How to complete this task -
Would you please transcribe the data in full and exactly, excluding images?

[Dataset records]
───
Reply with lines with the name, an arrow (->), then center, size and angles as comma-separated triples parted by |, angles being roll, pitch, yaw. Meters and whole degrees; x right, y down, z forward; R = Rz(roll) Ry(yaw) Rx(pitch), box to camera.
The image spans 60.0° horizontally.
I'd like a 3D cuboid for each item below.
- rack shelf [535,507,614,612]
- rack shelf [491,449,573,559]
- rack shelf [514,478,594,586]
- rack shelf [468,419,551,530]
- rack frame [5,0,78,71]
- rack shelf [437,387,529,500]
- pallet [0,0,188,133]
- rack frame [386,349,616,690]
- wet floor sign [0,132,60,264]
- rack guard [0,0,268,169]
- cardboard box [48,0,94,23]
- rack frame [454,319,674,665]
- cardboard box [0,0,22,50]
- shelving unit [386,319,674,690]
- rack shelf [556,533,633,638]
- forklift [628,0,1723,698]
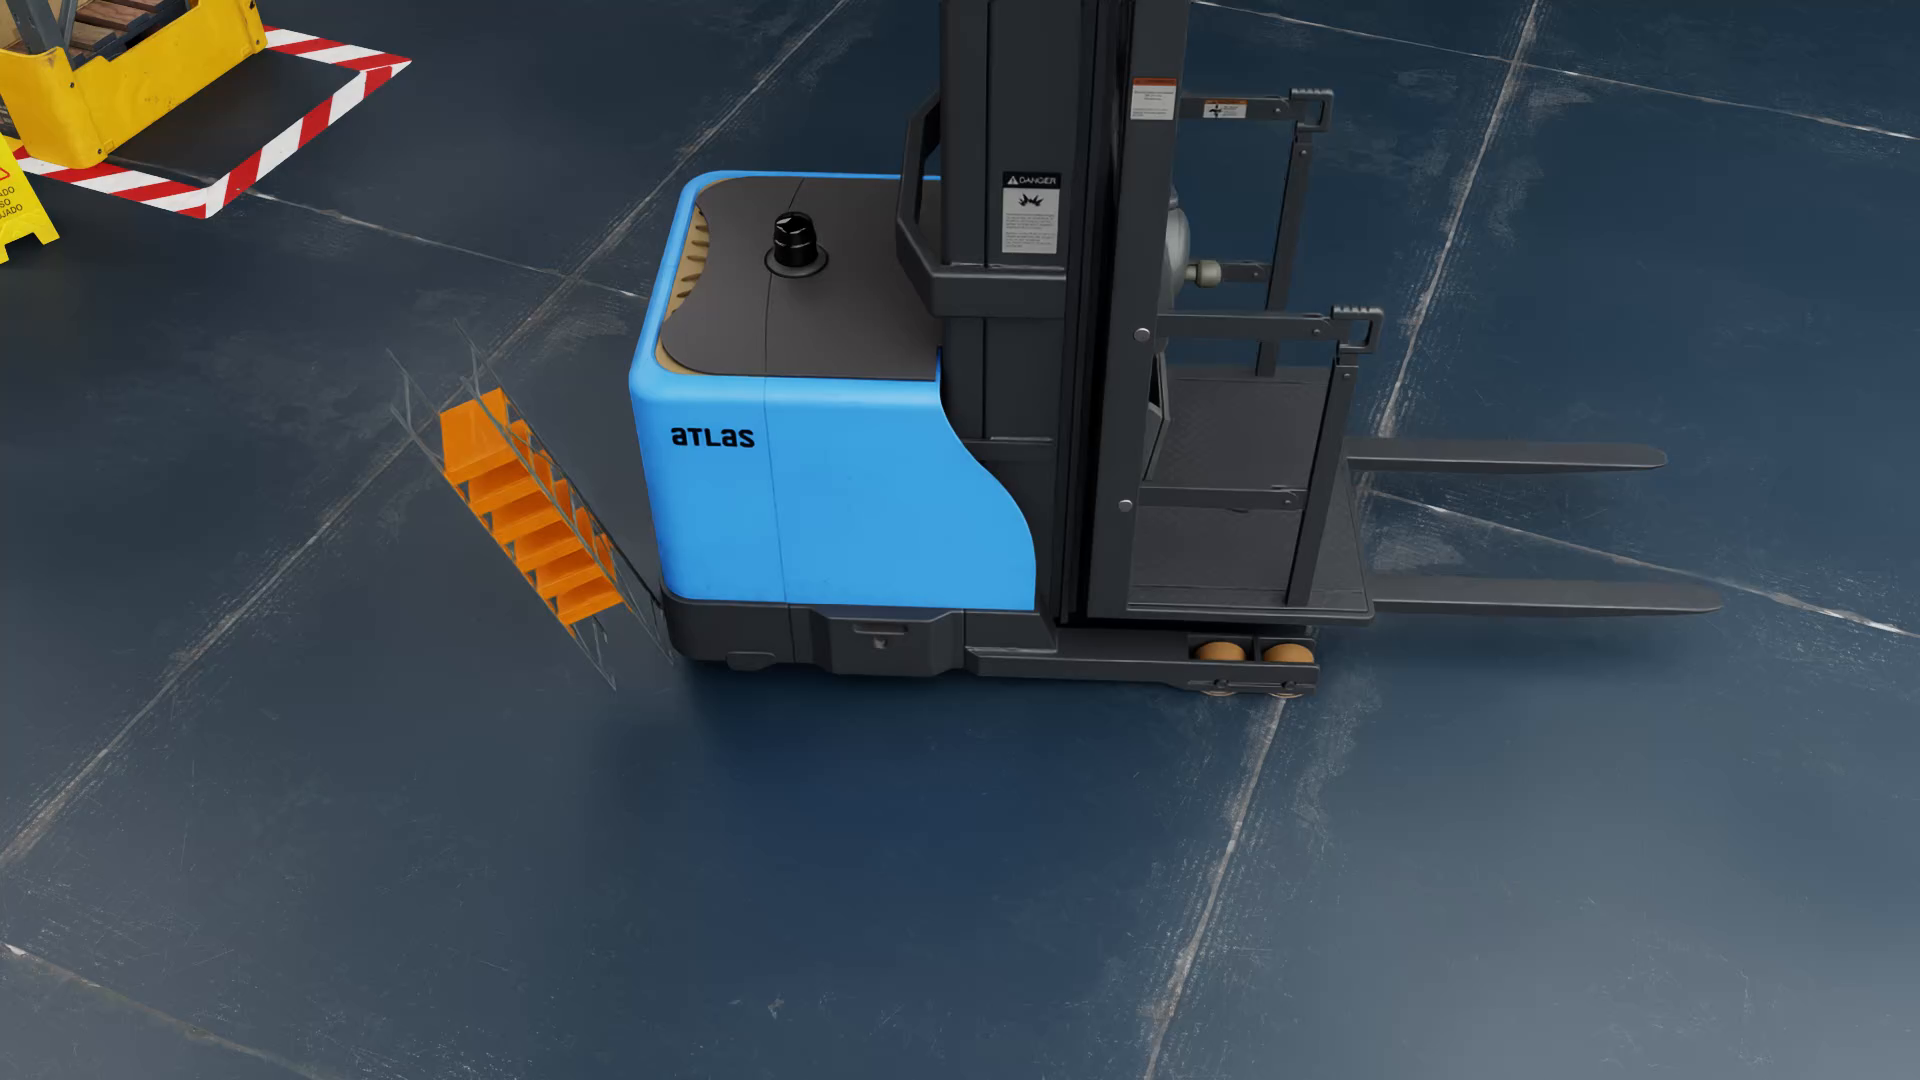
rack shelf -> -1.072, 0.047, 4.572 | 0.180, 0.103, 0.258 | -23, 47, 2
rack shelf -> -1.142, -0.102, 4.397 | 0.180, 0.103, 0.258 | -23, 47, 2
rack shelf -> -1.107, -0.028, 4.484 | 0.180, 0.103, 0.258 | -23, 47, 2
rack shelf -> -1.177, -0.176, 4.309 | 0.180, 0.103, 0.258 | -23, 47, 2
rack frame -> -3.414, -2.964, 6.102 | 0.127, 3.000, 1.000 | 16, 47, 16
rack shelf -> -1.212, -0.250, 4.222 | 0.180, 0.103, 0.258 | -23, 47, 2
pallet -> -4.221, -2.239, 7.351 | 1.213, 0.211, 1.003 | 16, 47, 16
rack frame -> -1.204, -0.019, 4.455 | 0.006, 1.200, 0.240 | -23, 47, 2
wet floor sign -> -3.651, -1.381, 6.180 | 0.232, 0.644, 0.267 | 33, 54, 29
rack guard -> -3.484, -2.098, 7.004 | 0.348, 0.500, 1.175 | 16, 47, 16
cardboard box -> -4.052, -2.537, 7.325 | 0.500, 0.250, 0.500 | 16, 47, 16
rack frame -> -1.036, -0.091, 4.449 | 0.006, 1.200, 0.240 | -23, 47, 2
cardboard box -> -4.286, -2.189, 6.975 | 0.500, 0.250, 0.500 | 16, 47, 16
shelving unit -> -1.120, -0.055, 4.452 | 0.189, 1.200, 0.258 | -23, 47, 2
rack shelf -> -1.038, 0.121, 4.660 | 0.180, 0.103, 0.258 | -23, 47, 2
forklift -> 0.680, -0.969, 4.146 | 3.031, 2.935, 1.130 | 2, 45, 2
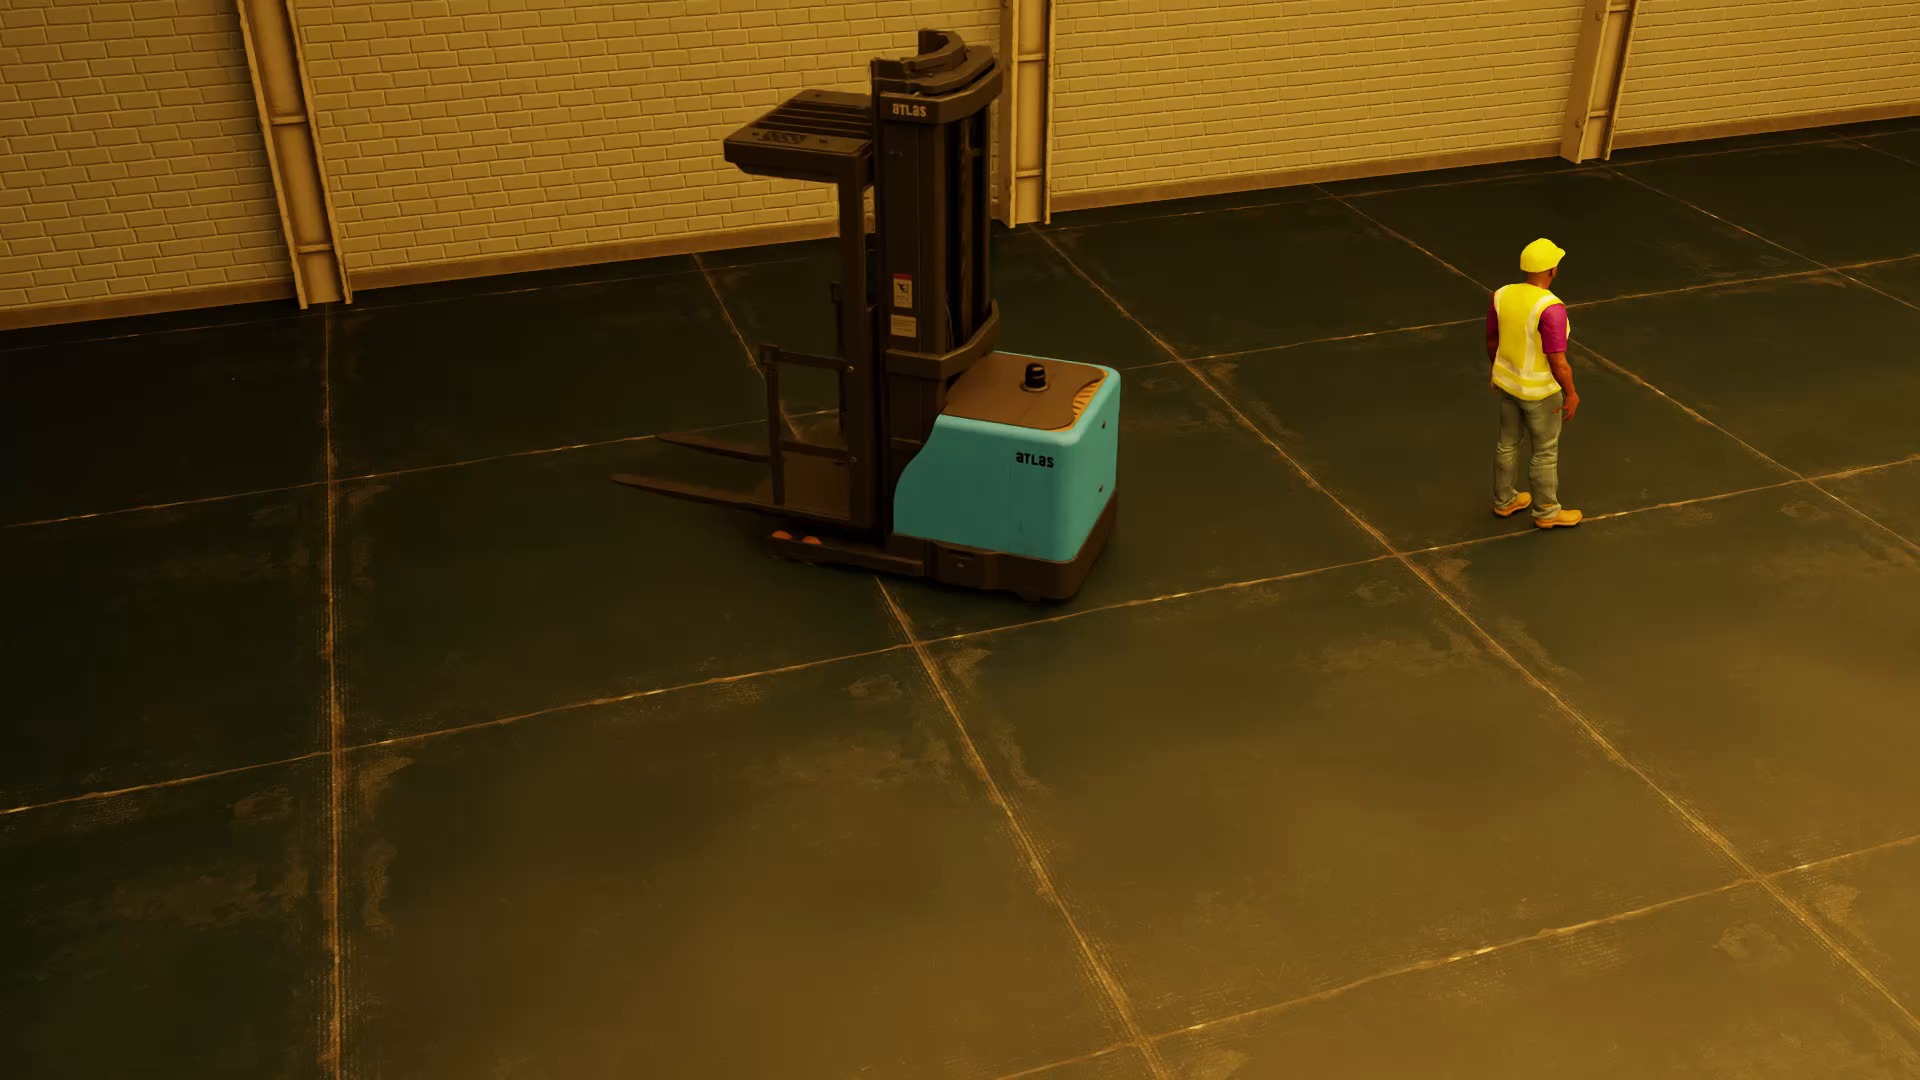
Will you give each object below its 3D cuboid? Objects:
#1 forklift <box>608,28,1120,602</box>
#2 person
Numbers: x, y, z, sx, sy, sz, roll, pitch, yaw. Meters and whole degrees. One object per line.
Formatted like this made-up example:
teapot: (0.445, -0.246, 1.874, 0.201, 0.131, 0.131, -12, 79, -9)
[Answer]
forklift: (-0.634, -1.359, 9.448, 3.031, 2.935, 1.130, 10, 31, 17)
person: (3.436, -0.944, 9.881, 0.576, 1.767, 0.665, -14, 33, -23)
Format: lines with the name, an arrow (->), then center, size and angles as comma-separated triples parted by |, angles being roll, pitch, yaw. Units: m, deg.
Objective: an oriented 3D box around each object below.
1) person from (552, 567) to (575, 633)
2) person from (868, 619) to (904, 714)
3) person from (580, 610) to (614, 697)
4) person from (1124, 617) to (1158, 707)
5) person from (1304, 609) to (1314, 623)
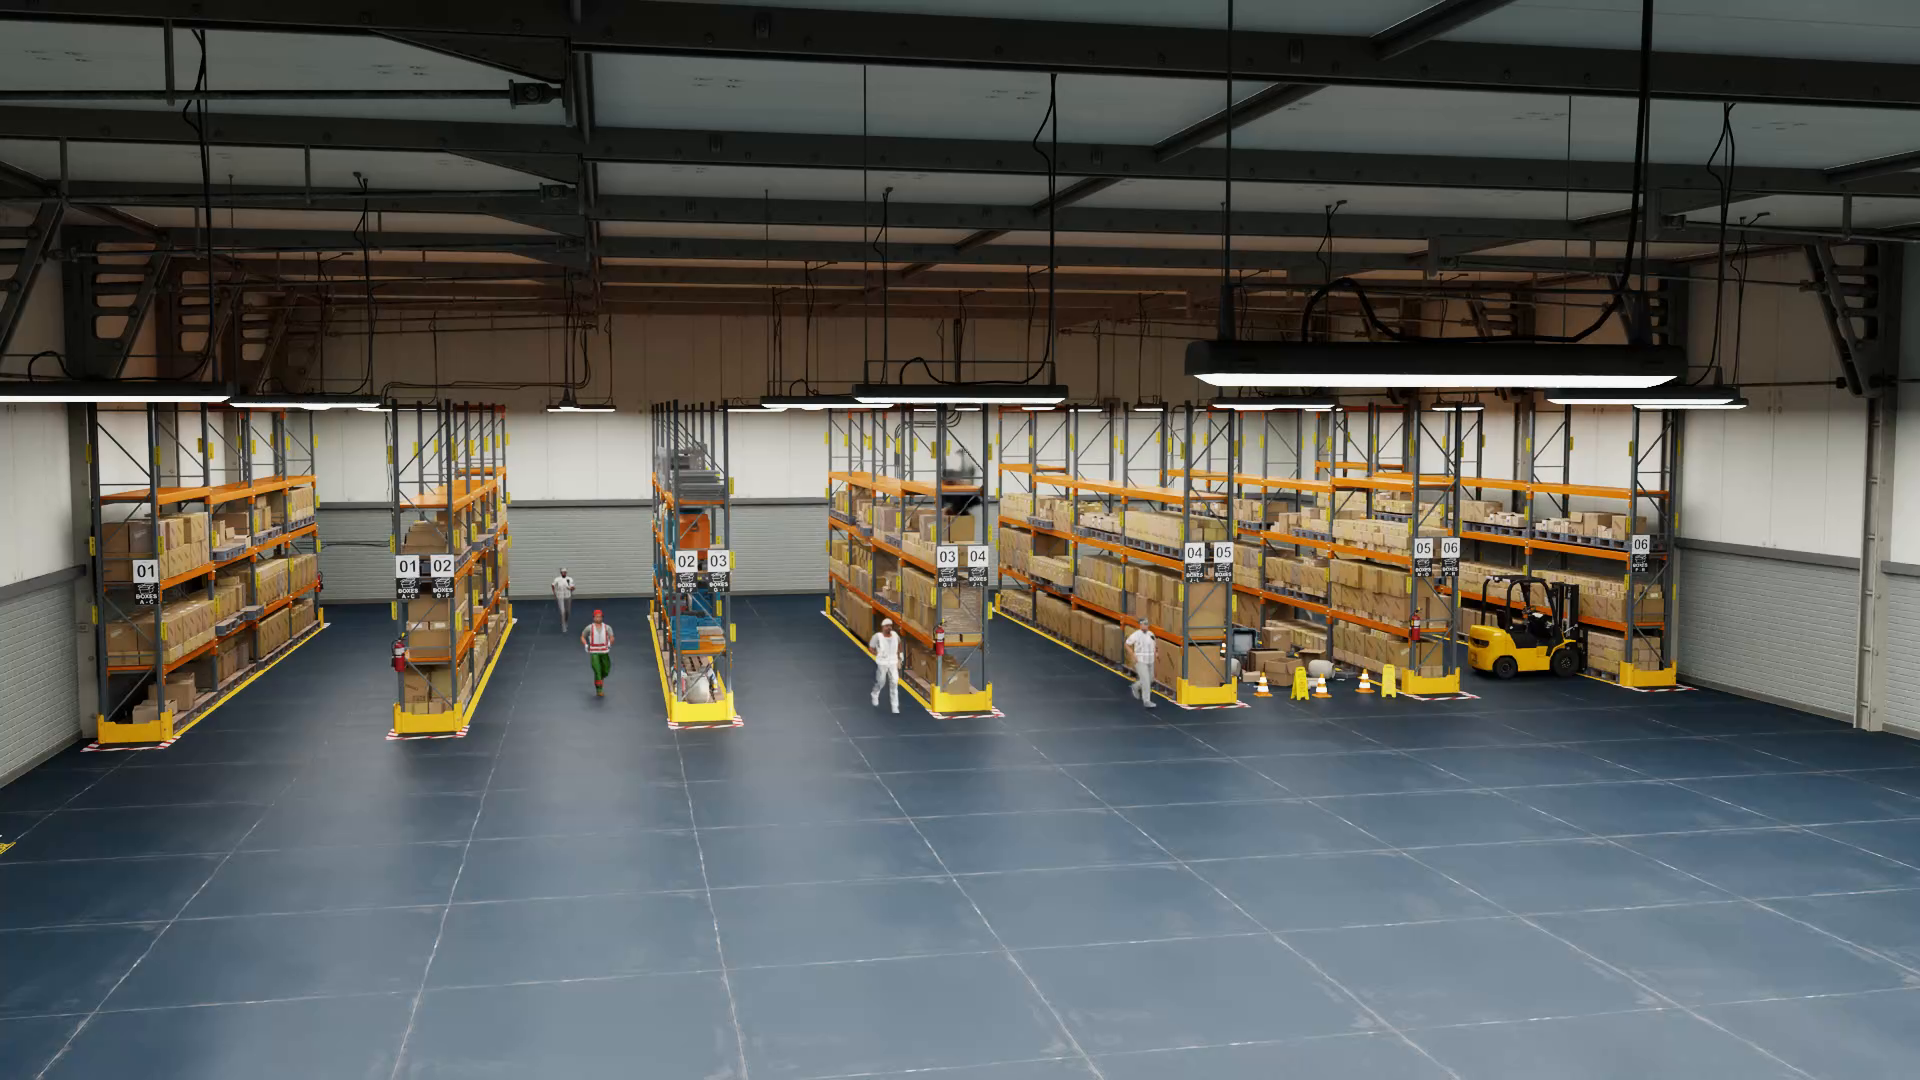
───
Task solution -
Reply with lines with the name, an arrow (->), then center, size and angles as comma-separated triples parted by |, angles being roll, pitch, yaw. Meters and whole degrees; x right, y down, z forward; R = Rz(roll) Ry(yaw) Rx(pitch), box to camera.
The image spans 60.0° horizontally.
I'd like a 3D cuboid for each item below.
- rack shelf [535,507,614,612]
- rack shelf [491,449,573,559]
- rack shelf [514,478,594,586]
- rack shelf [468,419,551,530]
- rack frame [5,0,78,71]
- rack shelf [437,387,529,500]
- pallet [0,0,188,133]
- rack frame [386,349,616,690]
- wet floor sign [0,132,60,264]
- rack guard [0,0,268,169]
- cardboard box [48,0,94,23]
- rack frame [454,319,674,665]
- cardboard box [0,0,22,50]
- shelving unit [386,319,674,690]
- rack shelf [556,533,633,638]
- forklift [628,0,1723,698]
rack shelf -> -1.072, 0.047, 4.572 | 0.180, 0.103, 0.258 | -23, 47, 2
rack shelf -> -1.142, -0.102, 4.397 | 0.180, 0.103, 0.258 | -23, 47, 2
rack shelf -> -1.107, -0.028, 4.484 | 0.180, 0.103, 0.258 | -23, 47, 2
rack shelf -> -1.177, -0.176, 4.309 | 0.180, 0.103, 0.258 | -23, 47, 2
rack frame -> -3.414, -2.964, 6.102 | 0.127, 3.000, 1.000 | 16, 47, 16
rack shelf -> -1.212, -0.250, 4.222 | 0.180, 0.103, 0.258 | -23, 47, 2
pallet -> -4.221, -2.239, 7.351 | 1.213, 0.211, 1.003 | 16, 47, 16
rack frame -> -1.204, -0.019, 4.455 | 0.006, 1.200, 0.240 | -23, 47, 2
wet floor sign -> -3.651, -1.381, 6.180 | 0.232, 0.644, 0.267 | 33, 54, 29
rack guard -> -3.484, -2.098, 7.004 | 0.348, 0.500, 1.175 | 16, 47, 16
cardboard box -> -4.052, -2.537, 7.325 | 0.500, 0.250, 0.500 | 16, 47, 16
rack frame -> -1.036, -0.091, 4.449 | 0.006, 1.200, 0.240 | -23, 47, 2
cardboard box -> -4.286, -2.189, 6.975 | 0.500, 0.250, 0.500 | 16, 47, 16
shelving unit -> -1.120, -0.055, 4.452 | 0.189, 1.200, 0.258 | -23, 47, 2
rack shelf -> -1.038, 0.121, 4.660 | 0.180, 0.103, 0.258 | -23, 47, 2
forklift -> 0.680, -0.969, 4.146 | 3.031, 2.935, 1.130 | 2, 45, 2
Will you give each object below its 3D cuboid? Objects:
#1 forklift <box>608,28,1120,602</box>
#2 person
Numbers: x, y, z, sx, sy, sz, roll, pitch, yaw. Meters and whole degrees. One object per line.
Formatted like this made-up example:
teapot: (0.445, -0.246, 1.874, 0.201, 0.131, 0.131, -12, 79, -9)
[Answer]
forklift: (-0.634, -1.359, 9.448, 3.031, 2.935, 1.130, 10, 31, 17)
person: (3.436, -0.944, 9.881, 0.576, 1.767, 0.665, -14, 33, -23)
Format: lines with the name, an arrow (->), then center, size and angles as comma-separated triples parted by |, angles being roll, pitch, yaw. Units: m, deg.
Objective: an oriented 3D box around each object below.
1) person from (552, 567) to (575, 633)
2) person from (868, 619) to (904, 714)
3) person from (580, 610) to (614, 697)
4) person from (1124, 617) to (1158, 707)
5) person from (1304, 609) to (1314, 623)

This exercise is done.